▶ **DATA SECTION**
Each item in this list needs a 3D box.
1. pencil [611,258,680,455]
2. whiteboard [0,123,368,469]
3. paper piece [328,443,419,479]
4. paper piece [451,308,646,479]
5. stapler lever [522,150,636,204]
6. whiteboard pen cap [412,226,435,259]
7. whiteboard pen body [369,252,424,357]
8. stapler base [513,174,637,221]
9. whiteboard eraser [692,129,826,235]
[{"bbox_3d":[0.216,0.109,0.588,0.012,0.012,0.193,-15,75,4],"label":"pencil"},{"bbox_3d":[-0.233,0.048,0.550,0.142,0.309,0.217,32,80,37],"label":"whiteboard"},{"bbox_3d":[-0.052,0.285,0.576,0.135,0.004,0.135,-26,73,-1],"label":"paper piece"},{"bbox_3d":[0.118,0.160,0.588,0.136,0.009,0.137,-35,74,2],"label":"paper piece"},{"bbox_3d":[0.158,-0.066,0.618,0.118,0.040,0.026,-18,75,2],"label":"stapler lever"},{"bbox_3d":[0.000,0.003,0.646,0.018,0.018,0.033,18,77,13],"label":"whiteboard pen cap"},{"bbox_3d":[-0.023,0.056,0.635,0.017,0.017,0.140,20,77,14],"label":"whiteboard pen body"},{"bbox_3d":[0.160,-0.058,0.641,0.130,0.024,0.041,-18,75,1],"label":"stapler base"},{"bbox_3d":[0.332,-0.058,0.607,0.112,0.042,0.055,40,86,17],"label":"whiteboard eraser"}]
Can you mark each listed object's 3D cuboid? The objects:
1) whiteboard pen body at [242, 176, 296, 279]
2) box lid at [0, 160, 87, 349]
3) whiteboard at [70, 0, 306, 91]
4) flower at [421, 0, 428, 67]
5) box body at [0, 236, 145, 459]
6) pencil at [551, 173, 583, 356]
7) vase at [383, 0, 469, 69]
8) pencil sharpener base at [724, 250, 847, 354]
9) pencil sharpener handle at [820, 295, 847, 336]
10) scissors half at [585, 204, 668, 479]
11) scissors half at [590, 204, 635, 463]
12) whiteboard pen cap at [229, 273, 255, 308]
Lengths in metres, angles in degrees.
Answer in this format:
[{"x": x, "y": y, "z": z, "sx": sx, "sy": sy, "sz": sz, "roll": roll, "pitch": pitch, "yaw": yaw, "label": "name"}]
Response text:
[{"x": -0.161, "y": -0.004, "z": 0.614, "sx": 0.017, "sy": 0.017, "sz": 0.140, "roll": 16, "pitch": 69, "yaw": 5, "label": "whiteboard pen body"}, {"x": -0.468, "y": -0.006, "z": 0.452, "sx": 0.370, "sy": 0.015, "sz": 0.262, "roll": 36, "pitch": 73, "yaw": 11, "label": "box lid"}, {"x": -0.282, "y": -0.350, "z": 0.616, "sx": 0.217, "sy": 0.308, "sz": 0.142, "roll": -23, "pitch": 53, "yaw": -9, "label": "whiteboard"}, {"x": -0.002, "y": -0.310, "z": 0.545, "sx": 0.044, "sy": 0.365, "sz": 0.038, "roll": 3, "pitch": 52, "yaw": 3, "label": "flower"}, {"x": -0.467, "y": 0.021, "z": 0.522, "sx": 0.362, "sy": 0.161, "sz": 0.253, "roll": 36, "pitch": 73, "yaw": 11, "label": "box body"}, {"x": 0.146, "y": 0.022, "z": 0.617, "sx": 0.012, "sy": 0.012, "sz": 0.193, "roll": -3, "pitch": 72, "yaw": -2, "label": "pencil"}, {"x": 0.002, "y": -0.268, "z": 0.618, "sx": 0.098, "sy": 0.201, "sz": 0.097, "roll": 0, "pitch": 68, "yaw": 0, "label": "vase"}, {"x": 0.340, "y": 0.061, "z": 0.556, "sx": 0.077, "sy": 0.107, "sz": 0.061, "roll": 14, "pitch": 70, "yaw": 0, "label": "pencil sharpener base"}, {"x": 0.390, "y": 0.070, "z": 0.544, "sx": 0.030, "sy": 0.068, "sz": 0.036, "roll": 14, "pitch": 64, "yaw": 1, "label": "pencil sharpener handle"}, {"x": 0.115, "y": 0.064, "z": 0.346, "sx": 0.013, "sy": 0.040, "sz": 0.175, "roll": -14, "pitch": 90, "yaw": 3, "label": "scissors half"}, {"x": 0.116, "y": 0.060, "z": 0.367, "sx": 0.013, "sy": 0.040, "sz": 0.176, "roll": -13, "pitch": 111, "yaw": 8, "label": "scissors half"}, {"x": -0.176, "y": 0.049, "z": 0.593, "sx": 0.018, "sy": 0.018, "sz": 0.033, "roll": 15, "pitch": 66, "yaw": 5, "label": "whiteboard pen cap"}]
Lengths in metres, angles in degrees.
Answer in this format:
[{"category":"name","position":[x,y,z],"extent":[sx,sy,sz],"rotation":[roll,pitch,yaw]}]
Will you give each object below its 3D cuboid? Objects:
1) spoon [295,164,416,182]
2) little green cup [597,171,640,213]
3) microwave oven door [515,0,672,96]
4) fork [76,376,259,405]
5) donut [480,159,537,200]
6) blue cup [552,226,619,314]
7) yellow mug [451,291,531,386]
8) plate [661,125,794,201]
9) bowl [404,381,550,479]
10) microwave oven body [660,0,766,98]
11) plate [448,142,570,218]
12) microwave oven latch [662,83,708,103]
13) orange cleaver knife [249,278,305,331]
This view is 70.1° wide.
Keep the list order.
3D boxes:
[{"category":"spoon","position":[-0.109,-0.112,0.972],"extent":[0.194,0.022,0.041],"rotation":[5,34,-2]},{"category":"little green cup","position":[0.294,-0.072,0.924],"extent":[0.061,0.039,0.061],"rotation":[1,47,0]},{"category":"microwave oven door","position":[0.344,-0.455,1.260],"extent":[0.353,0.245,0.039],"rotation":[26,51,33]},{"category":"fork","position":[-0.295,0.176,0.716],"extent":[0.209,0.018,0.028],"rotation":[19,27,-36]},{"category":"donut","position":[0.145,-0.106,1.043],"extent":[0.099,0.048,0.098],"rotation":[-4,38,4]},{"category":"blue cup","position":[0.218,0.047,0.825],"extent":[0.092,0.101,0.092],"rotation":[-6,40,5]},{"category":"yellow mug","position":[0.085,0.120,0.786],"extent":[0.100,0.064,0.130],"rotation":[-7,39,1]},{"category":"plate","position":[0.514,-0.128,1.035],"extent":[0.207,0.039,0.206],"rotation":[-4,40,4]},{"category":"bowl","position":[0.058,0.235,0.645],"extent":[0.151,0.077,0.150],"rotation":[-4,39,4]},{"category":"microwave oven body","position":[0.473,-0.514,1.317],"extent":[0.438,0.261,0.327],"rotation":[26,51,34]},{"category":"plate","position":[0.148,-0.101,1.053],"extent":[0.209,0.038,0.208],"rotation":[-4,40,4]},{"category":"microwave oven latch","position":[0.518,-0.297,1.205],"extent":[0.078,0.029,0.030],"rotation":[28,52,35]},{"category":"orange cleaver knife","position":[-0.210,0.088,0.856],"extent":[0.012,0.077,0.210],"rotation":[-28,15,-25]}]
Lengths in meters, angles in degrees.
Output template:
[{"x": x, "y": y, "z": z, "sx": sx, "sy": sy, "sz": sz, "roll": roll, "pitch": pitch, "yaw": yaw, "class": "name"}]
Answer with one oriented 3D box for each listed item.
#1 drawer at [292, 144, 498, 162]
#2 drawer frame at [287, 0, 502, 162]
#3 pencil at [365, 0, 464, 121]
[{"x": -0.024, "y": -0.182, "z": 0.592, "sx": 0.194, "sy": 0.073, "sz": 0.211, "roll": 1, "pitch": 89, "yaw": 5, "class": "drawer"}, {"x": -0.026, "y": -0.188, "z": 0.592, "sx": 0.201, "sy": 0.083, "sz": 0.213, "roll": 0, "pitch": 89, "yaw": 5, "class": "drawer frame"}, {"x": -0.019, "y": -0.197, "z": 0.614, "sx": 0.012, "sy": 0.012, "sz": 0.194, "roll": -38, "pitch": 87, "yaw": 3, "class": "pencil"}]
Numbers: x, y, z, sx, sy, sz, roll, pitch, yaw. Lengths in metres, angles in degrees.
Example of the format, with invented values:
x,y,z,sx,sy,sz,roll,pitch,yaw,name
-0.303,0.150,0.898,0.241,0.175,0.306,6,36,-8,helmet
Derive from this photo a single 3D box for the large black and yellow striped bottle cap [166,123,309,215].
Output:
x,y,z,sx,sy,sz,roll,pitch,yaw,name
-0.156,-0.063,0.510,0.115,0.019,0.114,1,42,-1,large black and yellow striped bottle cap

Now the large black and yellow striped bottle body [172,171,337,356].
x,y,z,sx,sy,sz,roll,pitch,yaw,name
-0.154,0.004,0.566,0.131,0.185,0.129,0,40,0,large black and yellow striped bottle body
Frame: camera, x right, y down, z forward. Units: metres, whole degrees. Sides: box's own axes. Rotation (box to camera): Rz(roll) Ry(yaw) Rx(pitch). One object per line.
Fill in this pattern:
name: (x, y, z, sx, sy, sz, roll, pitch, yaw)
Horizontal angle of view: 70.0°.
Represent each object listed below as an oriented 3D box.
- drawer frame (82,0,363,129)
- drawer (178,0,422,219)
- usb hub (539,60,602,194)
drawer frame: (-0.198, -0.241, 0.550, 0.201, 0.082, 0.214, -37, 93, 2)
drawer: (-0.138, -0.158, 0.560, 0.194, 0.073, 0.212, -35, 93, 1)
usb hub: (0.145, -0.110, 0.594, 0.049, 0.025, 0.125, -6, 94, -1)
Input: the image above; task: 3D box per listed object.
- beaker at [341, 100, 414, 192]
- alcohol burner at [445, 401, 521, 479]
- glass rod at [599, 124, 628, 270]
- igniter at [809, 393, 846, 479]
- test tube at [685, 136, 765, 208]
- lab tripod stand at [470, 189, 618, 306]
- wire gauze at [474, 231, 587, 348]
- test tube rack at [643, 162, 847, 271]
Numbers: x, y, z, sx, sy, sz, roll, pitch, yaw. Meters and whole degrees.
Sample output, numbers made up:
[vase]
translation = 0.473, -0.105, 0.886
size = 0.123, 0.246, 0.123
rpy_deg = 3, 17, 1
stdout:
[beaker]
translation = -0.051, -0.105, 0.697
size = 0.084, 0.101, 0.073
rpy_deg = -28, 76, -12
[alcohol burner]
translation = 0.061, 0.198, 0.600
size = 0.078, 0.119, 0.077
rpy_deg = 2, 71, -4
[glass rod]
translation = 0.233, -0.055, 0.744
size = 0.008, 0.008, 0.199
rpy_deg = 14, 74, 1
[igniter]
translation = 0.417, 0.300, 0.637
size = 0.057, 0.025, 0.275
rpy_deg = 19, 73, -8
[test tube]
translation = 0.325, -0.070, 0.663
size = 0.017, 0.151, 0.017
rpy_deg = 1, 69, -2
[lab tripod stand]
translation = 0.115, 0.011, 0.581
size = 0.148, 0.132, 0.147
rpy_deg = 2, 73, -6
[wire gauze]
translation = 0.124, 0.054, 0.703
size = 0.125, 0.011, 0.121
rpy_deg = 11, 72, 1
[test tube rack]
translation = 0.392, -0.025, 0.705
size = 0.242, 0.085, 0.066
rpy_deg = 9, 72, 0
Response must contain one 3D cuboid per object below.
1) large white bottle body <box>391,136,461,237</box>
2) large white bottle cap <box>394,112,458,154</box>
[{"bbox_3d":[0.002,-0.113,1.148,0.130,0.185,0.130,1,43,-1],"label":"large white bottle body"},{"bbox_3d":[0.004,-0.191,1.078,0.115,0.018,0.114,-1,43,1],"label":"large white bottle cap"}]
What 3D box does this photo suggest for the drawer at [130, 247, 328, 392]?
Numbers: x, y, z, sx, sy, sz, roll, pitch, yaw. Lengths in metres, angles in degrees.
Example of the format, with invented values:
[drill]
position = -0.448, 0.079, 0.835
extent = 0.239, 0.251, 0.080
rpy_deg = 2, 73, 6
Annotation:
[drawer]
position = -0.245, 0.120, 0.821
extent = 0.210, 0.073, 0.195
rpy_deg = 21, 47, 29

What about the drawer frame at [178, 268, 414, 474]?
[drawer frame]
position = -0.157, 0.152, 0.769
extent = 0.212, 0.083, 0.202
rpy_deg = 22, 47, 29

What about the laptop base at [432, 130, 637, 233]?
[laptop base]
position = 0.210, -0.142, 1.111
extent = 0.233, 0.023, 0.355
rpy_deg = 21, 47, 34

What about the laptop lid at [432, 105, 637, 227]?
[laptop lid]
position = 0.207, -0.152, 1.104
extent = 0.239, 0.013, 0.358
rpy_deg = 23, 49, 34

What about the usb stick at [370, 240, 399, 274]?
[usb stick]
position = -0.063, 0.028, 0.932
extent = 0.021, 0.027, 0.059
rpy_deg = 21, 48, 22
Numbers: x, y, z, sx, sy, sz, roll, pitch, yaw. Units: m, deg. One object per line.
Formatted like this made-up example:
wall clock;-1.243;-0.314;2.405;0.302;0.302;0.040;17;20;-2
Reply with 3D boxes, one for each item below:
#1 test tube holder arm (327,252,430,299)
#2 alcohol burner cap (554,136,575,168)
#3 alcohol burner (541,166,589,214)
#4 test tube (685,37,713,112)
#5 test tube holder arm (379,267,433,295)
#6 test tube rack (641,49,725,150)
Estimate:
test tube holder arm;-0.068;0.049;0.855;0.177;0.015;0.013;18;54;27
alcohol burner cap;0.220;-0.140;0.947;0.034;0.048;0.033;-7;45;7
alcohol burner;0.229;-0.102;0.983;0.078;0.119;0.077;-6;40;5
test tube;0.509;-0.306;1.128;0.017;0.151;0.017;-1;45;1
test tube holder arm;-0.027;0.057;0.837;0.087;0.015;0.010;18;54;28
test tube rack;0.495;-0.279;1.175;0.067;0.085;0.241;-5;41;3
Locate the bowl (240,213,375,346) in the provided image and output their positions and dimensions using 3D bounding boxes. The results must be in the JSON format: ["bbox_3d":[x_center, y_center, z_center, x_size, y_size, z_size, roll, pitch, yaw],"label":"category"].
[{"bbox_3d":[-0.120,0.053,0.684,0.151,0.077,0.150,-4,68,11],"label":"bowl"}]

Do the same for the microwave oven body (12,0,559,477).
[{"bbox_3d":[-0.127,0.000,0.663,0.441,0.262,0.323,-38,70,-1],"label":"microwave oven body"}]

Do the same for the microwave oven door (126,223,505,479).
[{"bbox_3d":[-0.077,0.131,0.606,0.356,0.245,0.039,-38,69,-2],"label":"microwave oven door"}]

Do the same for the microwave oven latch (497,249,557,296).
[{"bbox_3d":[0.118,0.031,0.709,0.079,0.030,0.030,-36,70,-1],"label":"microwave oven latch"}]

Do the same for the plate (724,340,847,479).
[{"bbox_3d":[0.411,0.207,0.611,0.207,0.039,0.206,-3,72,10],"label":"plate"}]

▶ **PROMPT**
In the listing above, locate the line containing "rpy_deg = 2, 73, 6" and the line containing "wall clock;-1.243;-0.314;2.405;0.302;0.302;0.040;17;20;-2", then transcribe both and every line between them verbatim.

▶ **RESPONSE BOX**
rpy_deg = 2, 73, 6
Annotation:
[drawer]
position = -0.245, 0.120, 0.821
extent = 0.210, 0.073, 0.195
rpy_deg = 21, 47, 29

What about the drawer frame at [178, 268, 414, 474]?
[drawer frame]
position = -0.157, 0.152, 0.769
extent = 0.212, 0.083, 0.202
rpy_deg = 22, 47, 29

What about the laptop base at [432, 130, 637, 233]?
[laptop base]
position = 0.210, -0.142, 1.111
extent = 0.233, 0.023, 0.355
rpy_deg = 21, 47, 34

What about the laptop lid at [432, 105, 637, 227]?
[laptop lid]
position = 0.207, -0.152, 1.104
extent = 0.239, 0.013, 0.358
rpy_deg = 23, 49, 34

What about the usb stick at [370, 240, 399, 274]?
[usb stick]
position = -0.063, 0.028, 0.932
extent = 0.021, 0.027, 0.059
rpy_deg = 21, 48, 22
Numbers: x, y, z, sx, sy, sz, roll, pitch, yaw. Units: m, deg. One object per line.
Formatted like this made-up example:
wall clock;-1.243;-0.314;2.405;0.302;0.302;0.040;17;20;-2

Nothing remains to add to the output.